There were five of us – My Grandma and Uncle (who paid for me to go), my anxiety-ridden mother, my Indiana-native cousin, and me – in an apartment that could literally see the top of the Eiffel Tower, a genius and innovative piece of art that lights up at 11:00 P.M (or 23:00 in European talk) every night. From our apartment windows that we kept open every night for the cool air that contrasted against the heavy humidity back in Florida, we could hear the yells and gasps and cries of appreciation, from the People of Paris, as that iconic piece of architecture ignited from more than 20,000 individual lightbulbs.
Because that was my favorite part about Paris. It wasn’t the places, the architecture, the art, nor the cafes that made me fall in the love with Paris, France. When I was at the D’Orsay, looking frantically for one of my favorite Caillebotte paintings, The Floor Scrapers, I found myself admiring the people more than the art. For me, the people were the art. When I was at Le Bosque, by far the fairest and cheapest cafe around Rue Cler, a must hit tourist street, I stole glances at the mouths of the people eating the fine food instead of the eclectic food itself; waltzing through the Tuilerie gardens on my way to the infamous Louvre, I gazed at the lazy loungers and not the clean-cut flowers or fountains in the same way that I loved the lethargic expressions on the worshippers in St.
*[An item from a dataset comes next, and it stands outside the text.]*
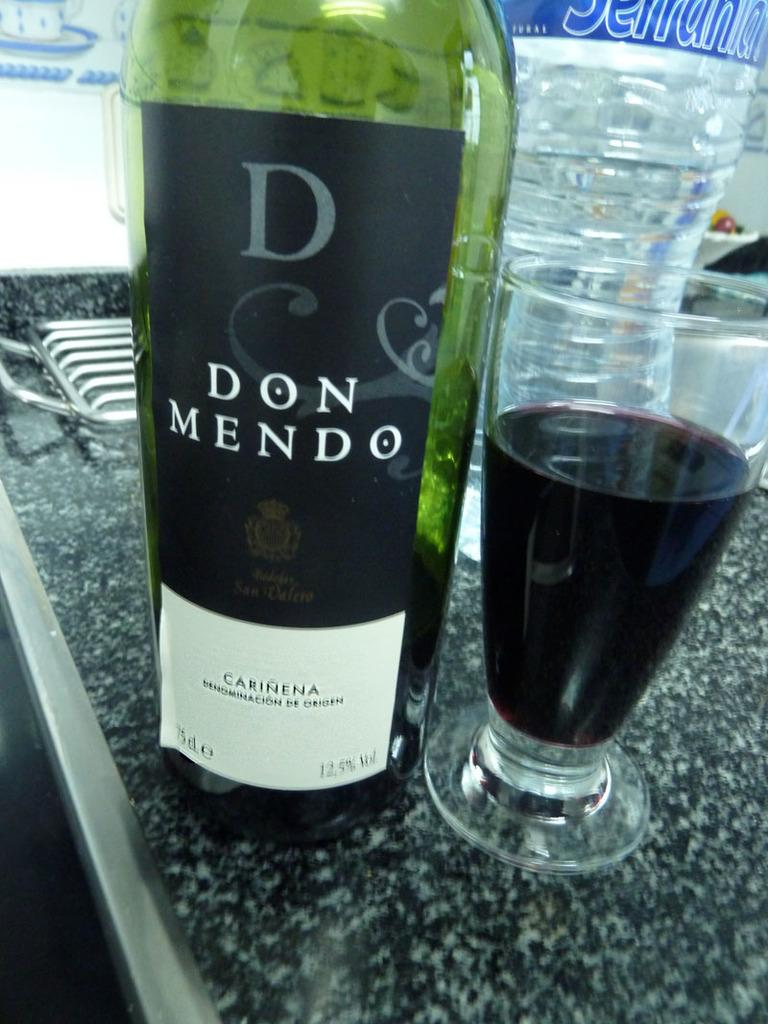<image>
Summarize the visual content of the image. A GREEN BOTTLE OF DON MENDO WINE AND A GLASS OF WINE TO THE RIGHT OF IT.

Sulpice more than the sound of one of the most magnificent organs in the world: “Do you hear that, Emily? The sounds of angels are upon us”.
I agree, Grandma. I agree.
It was this reason, my love for the people in Paris, that my photography – an emotional and explorative hobby of mine – flourished. I never let go of my camera while in Paris, shooting a grin on a little French mademoiselle here and capturing a smoke break of a tired garçon there. I took a total of more than 1,000 photographs but I acquired memories that far surpass that quantitative value.
The quality of my visit, of my photographs, cannot be understated. Paris showed me how to love all the imperfections around me, to find all the hidden perfections. Paris prompted me the opportunity to live, even if it was just through a few 1,000 photographs that I cherish every time I look at them, remembering my time loving the people of Paris, loving the people I shared Paris with, and loving Paris – a city that loved me right back.